(Stored data)
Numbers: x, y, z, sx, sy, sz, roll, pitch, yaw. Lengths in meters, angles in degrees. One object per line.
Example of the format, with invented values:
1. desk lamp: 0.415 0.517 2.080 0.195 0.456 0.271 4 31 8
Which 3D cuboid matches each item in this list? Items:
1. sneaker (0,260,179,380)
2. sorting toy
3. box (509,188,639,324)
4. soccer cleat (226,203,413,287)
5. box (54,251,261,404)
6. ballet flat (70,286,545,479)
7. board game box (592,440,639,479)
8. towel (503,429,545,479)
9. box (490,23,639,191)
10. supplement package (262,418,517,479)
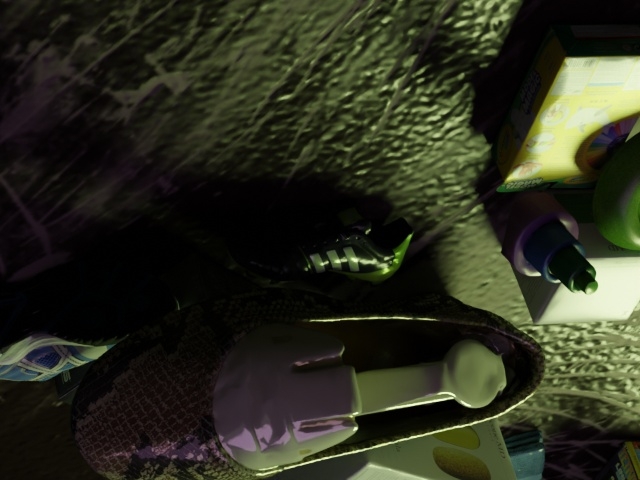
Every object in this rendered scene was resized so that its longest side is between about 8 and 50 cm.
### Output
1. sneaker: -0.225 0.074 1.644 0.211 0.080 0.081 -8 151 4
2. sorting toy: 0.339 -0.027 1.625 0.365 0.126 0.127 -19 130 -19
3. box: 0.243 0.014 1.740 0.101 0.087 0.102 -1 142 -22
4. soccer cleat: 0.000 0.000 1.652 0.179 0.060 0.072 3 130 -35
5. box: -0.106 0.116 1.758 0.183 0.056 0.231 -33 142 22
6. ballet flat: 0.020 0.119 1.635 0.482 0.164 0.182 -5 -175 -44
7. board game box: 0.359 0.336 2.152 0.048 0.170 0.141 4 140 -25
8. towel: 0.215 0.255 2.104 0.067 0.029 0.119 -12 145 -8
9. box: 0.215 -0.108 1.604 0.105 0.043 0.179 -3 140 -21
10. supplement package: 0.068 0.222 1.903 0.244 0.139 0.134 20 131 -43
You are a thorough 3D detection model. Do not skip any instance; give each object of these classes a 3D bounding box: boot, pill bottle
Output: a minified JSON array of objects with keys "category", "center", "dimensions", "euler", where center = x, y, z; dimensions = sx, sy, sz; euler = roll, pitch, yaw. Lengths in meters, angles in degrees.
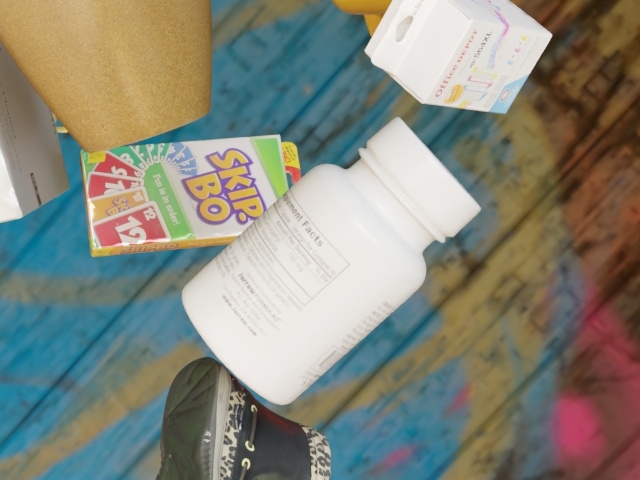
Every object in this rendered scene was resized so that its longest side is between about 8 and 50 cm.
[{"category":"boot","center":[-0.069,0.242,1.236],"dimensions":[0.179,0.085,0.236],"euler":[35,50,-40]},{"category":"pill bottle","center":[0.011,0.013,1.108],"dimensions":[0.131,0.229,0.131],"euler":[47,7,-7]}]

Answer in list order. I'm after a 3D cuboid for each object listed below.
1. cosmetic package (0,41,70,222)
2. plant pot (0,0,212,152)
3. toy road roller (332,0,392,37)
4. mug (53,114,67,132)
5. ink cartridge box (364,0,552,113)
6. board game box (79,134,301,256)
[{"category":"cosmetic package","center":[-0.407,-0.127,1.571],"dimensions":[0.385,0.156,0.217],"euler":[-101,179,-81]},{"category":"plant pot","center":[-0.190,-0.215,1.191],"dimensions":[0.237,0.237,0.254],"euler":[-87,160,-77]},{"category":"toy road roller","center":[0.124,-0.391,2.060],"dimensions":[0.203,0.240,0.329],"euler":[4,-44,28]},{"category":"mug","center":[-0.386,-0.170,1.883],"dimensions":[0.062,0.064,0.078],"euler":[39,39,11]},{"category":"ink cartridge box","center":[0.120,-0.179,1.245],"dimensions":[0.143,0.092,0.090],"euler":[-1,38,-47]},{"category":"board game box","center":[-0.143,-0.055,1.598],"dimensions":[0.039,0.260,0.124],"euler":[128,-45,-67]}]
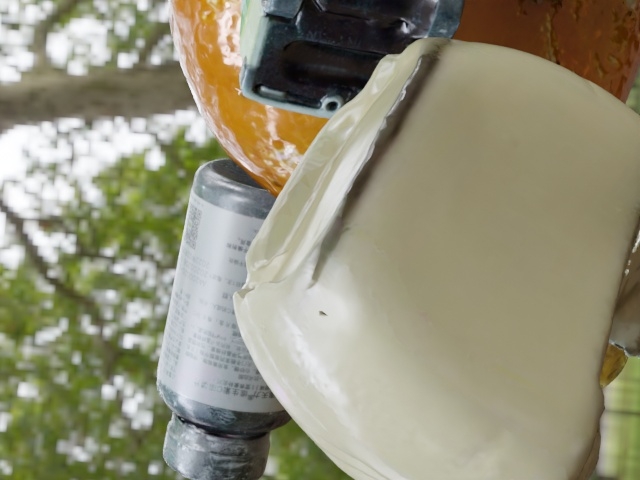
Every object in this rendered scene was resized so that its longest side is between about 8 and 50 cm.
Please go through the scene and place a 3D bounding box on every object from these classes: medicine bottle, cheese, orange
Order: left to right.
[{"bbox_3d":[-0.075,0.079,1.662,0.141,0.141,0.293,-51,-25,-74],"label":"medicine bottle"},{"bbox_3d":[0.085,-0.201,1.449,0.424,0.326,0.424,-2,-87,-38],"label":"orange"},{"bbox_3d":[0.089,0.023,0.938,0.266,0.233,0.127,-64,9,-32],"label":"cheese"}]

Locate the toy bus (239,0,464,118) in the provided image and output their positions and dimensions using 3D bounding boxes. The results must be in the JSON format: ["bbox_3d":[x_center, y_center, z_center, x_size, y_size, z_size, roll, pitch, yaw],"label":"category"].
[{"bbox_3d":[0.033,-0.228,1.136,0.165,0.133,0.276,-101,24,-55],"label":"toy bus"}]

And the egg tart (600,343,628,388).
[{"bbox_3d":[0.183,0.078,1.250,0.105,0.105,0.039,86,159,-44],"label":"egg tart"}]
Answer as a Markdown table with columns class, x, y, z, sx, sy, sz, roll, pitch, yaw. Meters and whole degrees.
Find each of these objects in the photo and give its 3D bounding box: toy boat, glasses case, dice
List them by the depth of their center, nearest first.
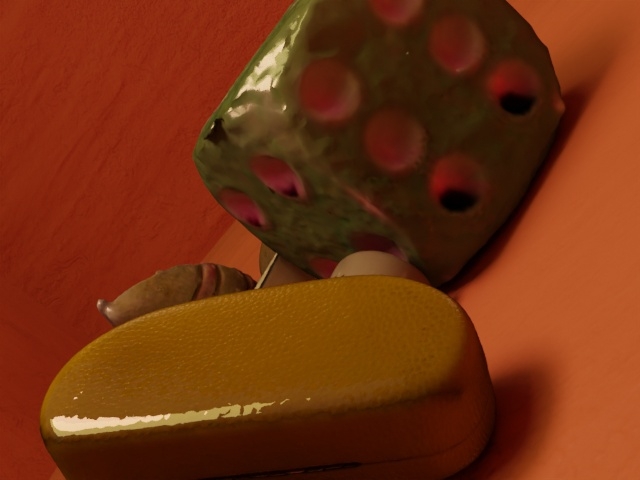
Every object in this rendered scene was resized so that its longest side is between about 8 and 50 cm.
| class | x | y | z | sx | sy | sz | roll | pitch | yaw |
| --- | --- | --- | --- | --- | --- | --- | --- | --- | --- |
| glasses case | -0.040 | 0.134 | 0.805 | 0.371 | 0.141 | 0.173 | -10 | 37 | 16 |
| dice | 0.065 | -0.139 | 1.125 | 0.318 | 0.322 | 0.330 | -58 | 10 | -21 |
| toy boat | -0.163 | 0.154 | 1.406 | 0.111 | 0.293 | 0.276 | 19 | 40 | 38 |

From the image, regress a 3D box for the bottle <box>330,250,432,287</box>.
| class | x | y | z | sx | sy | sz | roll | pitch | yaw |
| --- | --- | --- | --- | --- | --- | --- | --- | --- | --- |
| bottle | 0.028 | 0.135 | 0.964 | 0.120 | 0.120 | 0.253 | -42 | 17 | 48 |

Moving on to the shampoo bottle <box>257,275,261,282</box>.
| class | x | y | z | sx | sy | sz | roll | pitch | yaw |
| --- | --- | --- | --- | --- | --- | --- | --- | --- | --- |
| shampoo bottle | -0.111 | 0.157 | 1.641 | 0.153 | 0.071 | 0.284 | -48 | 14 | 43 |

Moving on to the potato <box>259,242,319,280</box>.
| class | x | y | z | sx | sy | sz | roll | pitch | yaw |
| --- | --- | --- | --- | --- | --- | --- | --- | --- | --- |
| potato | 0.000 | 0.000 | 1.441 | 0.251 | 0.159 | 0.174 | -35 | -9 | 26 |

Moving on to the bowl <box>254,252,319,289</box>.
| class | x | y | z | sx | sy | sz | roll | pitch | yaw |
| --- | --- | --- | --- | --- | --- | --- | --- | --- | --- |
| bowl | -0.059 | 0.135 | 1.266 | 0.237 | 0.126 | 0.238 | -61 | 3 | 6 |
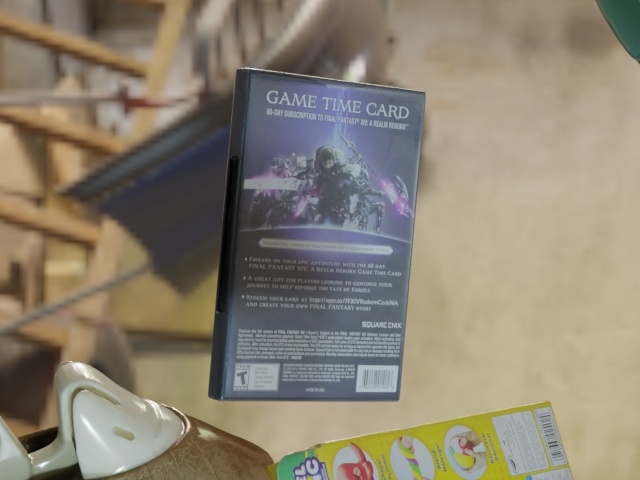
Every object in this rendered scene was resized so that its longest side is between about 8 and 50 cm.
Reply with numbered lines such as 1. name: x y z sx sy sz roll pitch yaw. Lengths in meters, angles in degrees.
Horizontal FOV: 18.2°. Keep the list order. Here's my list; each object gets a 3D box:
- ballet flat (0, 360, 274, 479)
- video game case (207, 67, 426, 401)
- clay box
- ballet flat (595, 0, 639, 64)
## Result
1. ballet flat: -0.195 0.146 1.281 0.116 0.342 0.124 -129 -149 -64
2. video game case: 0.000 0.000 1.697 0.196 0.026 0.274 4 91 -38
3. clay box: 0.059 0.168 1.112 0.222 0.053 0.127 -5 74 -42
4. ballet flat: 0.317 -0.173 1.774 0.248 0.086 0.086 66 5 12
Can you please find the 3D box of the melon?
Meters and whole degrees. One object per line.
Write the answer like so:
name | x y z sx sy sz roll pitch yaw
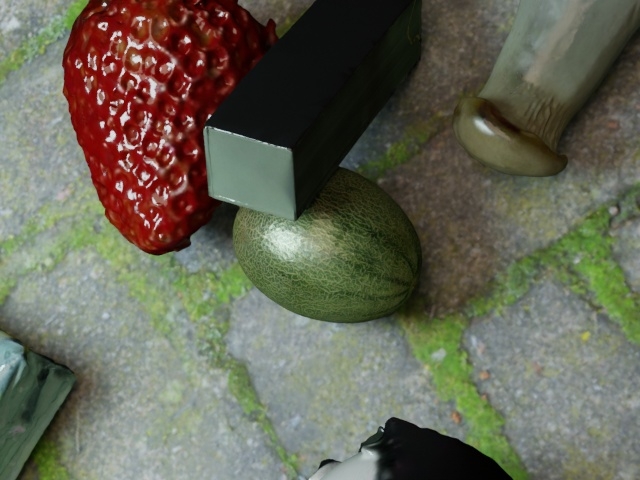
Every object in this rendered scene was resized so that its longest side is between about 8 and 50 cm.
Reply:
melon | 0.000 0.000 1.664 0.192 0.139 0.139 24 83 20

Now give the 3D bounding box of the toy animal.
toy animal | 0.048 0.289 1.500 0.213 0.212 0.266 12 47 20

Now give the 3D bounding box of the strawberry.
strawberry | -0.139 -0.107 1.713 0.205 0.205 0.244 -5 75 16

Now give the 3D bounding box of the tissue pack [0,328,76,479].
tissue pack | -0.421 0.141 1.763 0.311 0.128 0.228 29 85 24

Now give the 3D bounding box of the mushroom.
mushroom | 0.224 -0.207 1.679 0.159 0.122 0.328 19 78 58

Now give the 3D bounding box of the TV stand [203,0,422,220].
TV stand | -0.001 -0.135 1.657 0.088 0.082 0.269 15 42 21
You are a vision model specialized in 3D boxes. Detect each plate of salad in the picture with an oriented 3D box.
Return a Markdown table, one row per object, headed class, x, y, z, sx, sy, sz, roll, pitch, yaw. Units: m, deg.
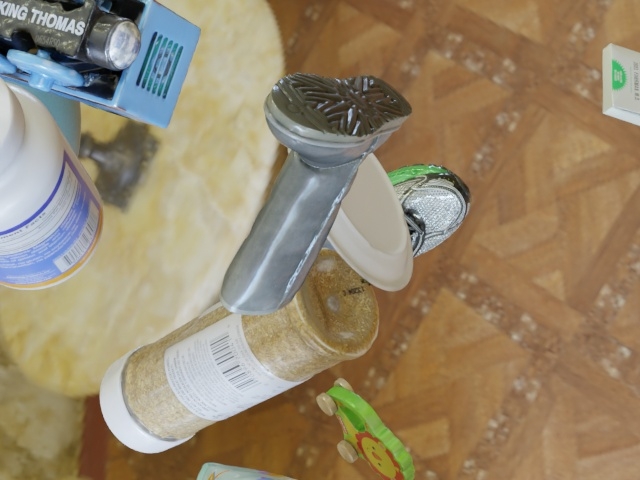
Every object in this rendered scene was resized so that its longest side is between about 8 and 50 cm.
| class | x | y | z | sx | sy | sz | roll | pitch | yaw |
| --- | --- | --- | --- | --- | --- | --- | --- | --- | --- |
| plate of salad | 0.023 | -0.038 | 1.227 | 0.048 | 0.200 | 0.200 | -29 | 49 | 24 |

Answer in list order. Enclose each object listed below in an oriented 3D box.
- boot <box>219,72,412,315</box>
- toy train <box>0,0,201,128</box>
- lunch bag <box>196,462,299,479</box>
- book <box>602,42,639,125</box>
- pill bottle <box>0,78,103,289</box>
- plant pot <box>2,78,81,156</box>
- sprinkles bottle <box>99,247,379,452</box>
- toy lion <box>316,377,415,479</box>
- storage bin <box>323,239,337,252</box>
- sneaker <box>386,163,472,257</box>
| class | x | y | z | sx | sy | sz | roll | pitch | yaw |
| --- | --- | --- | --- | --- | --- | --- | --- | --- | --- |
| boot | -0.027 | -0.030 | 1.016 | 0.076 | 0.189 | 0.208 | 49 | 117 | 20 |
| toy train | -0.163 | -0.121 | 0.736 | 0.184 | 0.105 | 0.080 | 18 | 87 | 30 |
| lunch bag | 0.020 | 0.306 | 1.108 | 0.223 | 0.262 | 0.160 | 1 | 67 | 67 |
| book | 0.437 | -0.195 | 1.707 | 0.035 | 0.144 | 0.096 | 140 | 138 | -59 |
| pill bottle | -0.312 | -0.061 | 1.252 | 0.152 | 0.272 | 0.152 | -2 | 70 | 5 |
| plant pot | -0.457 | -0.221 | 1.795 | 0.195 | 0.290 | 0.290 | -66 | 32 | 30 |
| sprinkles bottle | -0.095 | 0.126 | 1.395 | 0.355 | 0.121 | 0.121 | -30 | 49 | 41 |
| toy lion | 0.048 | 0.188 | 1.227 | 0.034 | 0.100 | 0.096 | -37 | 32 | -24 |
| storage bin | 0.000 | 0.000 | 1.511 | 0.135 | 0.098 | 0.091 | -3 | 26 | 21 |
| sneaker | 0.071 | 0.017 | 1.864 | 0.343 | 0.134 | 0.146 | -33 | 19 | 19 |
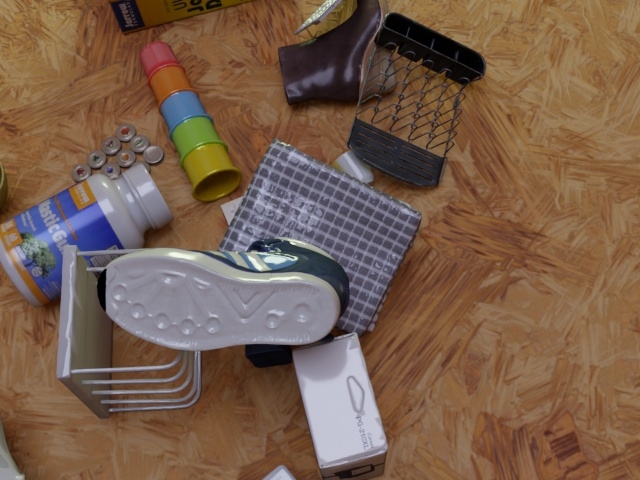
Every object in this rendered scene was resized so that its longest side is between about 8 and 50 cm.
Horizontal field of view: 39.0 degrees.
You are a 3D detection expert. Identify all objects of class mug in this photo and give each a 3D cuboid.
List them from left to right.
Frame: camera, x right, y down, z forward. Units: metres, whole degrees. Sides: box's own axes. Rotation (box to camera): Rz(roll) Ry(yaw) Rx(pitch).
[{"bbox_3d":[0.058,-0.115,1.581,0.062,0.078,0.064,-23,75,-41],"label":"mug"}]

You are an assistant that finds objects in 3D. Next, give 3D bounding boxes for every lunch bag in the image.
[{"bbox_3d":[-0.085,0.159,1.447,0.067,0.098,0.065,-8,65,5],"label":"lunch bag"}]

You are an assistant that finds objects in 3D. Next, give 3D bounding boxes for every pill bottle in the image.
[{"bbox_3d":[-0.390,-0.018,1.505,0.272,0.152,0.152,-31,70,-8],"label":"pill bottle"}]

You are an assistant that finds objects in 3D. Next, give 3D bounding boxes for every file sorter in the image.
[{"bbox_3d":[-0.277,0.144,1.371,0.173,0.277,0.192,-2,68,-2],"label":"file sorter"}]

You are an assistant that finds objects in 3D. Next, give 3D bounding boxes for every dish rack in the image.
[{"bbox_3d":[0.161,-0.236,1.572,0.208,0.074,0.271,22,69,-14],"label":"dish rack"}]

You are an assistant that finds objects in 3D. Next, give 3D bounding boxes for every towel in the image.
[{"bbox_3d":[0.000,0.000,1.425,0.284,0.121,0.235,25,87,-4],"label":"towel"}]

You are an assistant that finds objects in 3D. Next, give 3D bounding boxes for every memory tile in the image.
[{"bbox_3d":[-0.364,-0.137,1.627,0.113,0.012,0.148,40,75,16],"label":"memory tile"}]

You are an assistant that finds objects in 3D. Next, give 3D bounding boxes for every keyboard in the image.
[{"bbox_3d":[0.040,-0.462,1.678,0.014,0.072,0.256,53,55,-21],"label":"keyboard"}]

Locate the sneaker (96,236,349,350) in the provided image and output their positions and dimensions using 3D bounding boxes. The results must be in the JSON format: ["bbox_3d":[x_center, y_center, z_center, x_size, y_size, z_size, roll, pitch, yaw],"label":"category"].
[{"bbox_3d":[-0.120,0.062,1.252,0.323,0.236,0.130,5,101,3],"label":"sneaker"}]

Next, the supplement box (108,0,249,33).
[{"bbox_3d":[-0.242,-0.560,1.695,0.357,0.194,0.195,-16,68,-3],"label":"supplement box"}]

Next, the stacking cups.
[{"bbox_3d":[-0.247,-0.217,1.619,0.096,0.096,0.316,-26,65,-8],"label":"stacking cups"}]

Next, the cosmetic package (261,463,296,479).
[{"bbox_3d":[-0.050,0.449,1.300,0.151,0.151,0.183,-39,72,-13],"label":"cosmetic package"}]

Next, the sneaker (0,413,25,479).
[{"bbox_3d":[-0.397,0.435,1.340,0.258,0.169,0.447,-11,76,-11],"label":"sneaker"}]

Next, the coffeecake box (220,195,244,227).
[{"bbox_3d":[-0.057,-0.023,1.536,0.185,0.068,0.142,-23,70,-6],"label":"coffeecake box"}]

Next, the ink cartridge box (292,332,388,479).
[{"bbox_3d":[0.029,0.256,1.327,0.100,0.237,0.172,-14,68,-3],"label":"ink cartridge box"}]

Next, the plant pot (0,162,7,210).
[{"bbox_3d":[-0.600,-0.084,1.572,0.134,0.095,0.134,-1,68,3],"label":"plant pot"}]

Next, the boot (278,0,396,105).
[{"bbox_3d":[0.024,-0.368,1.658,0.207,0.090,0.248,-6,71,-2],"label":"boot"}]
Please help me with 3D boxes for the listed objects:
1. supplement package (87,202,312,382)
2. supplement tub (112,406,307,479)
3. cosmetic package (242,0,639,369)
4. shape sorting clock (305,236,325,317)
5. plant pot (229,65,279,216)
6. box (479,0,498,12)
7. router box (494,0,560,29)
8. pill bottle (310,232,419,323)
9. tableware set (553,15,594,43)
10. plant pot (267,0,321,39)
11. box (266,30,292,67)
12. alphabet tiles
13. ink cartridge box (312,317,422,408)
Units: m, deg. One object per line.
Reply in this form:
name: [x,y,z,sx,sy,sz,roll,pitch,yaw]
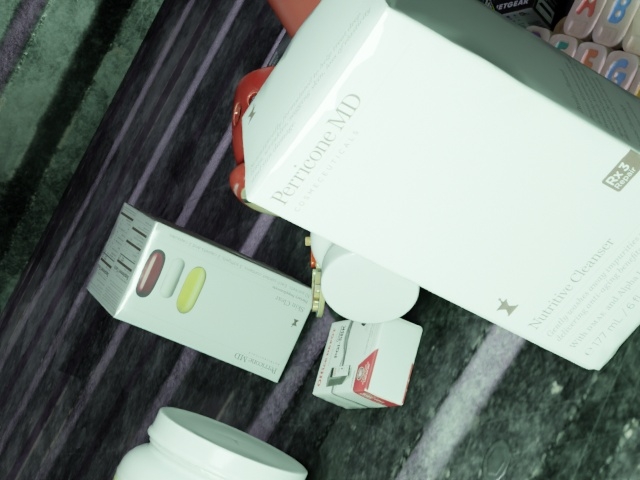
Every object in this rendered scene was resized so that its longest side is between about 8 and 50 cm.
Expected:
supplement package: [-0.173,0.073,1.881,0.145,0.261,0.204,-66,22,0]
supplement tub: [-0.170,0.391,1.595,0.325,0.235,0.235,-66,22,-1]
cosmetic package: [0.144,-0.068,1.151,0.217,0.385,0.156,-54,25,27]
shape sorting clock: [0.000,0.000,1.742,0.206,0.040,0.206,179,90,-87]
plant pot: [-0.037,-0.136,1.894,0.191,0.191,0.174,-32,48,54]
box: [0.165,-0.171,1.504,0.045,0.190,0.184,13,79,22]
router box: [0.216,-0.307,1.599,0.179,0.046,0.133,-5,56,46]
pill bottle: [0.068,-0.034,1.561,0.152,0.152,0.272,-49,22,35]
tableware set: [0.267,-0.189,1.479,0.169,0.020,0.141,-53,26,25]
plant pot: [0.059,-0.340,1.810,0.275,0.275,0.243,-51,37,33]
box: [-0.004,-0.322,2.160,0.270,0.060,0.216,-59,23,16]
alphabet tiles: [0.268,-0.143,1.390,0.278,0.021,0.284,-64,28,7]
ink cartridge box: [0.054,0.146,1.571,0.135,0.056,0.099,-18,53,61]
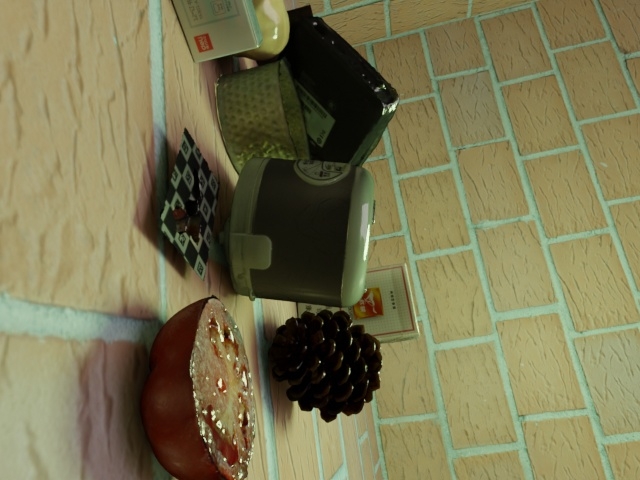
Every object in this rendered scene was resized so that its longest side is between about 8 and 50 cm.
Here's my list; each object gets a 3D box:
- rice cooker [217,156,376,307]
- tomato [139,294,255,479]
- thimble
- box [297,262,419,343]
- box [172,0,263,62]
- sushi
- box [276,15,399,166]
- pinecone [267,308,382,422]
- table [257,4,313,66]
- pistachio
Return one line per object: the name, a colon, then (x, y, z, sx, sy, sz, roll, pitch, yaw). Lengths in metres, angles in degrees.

> **AIM OF THE EXERCISE**: Repeat word for word every line from the start of the entries to the line holding "8. towel (503,429,545,479)", inclusive, and nothing else.

> **OUTPUT FOR THIS EXERCISE**:
Numbers: x, y, z, sx, sy, sz, roll, pitch, yaw. Lengths in meters, angles in degrees. One object per line.
Example of the format, with invented values:
1. desk lamp: 0.415 0.517 2.080 0.195 0.456 0.271 4 31 8
Which 3D cuboid matches each item in this list? Items:
1. sneaker (0,260,179,380)
2. sorting toy
3. box (509,188,639,324)
4. soccer cleat (226,203,413,287)
5. box (54,251,261,404)
6. ballet flat (70,286,545,479)
7. board game box (592,440,639,479)
8. towel (503,429,545,479)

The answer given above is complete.